The Light of the World
“…I am the light of the world” (RSV, John 9:5)
Our Lord spoke these words as he prepared to heal a blind man in Jerusalem and in speaking them he turned the miracle into an acted parable. The man in question had been born blind and Our Lord gave him his sight, by anointing his eyes with clay and sending him to wash them clean in the nearby pool of Siloam.
That blind man is symbolic of the state of inner blindness in which you and I and everyone else were born into this world. That blindness is both intellectual and spiritual, being an ignorance both of God himself and of the state of our real selves in his sight.

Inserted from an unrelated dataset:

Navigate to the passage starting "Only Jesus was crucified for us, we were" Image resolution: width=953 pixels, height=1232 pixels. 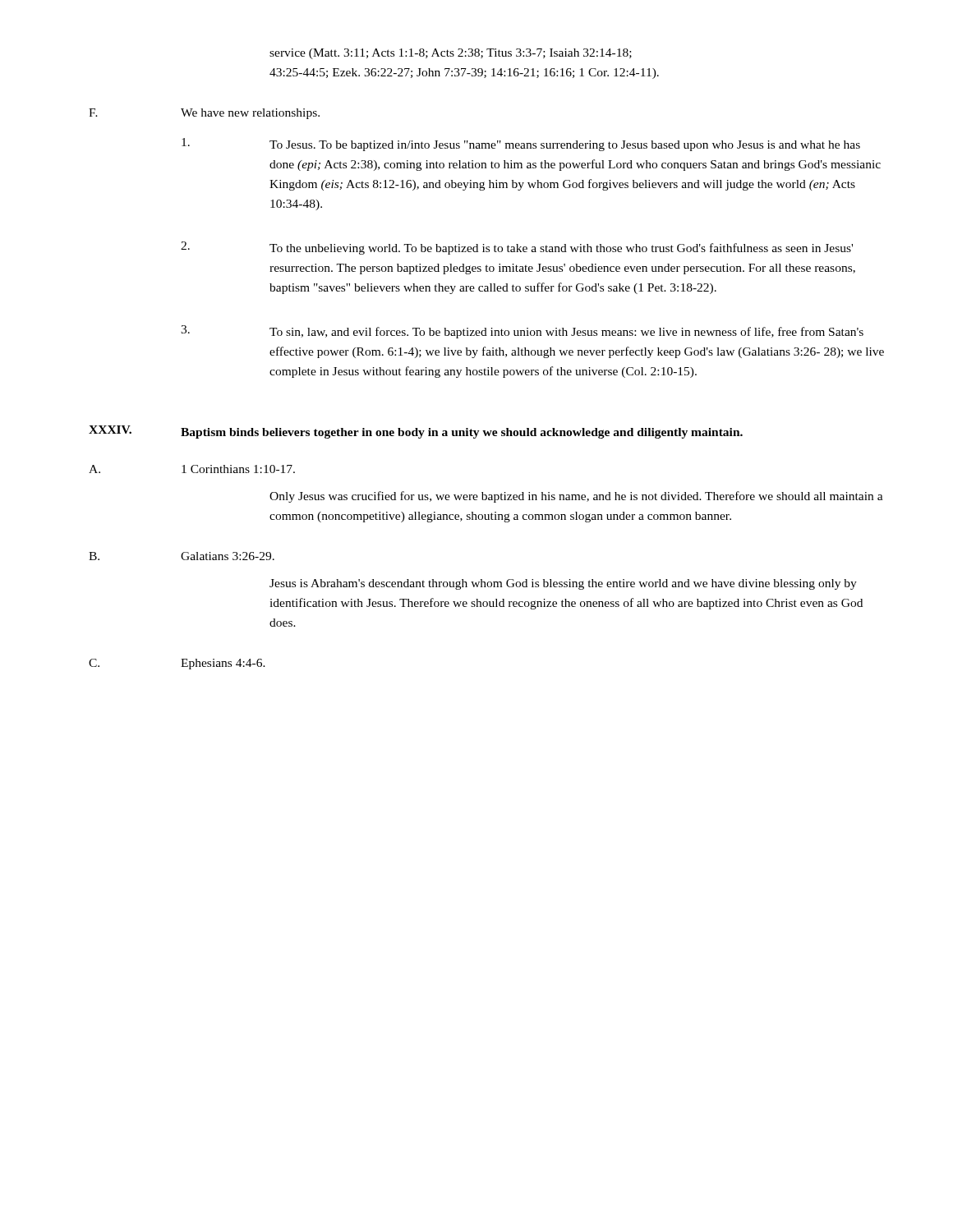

Suppose that, like Tarzan in the story, you had been lost in the jungle in your infancy, and had been nurtured and brought up by the creatures of the wild. You would know nothing about God: your reason might lead you to speculate on the cause of life around you, but you would probably get no farther than did primitive human beings and attribute it to the sun.
You would be entirely ignorant about the purpose of your creation and equally ignorant of all God has done, in the Person of Jesus Christ, to make possible the final fulfilment of that purpose, namely, the eternal enjoyment of God’s visible Presence.
Those truths, and many others, which are so familiar to us now, have not come to us by instinct nor by reason. They have been revealed by Our Lord Jesus Christ and communicated to us through his Church.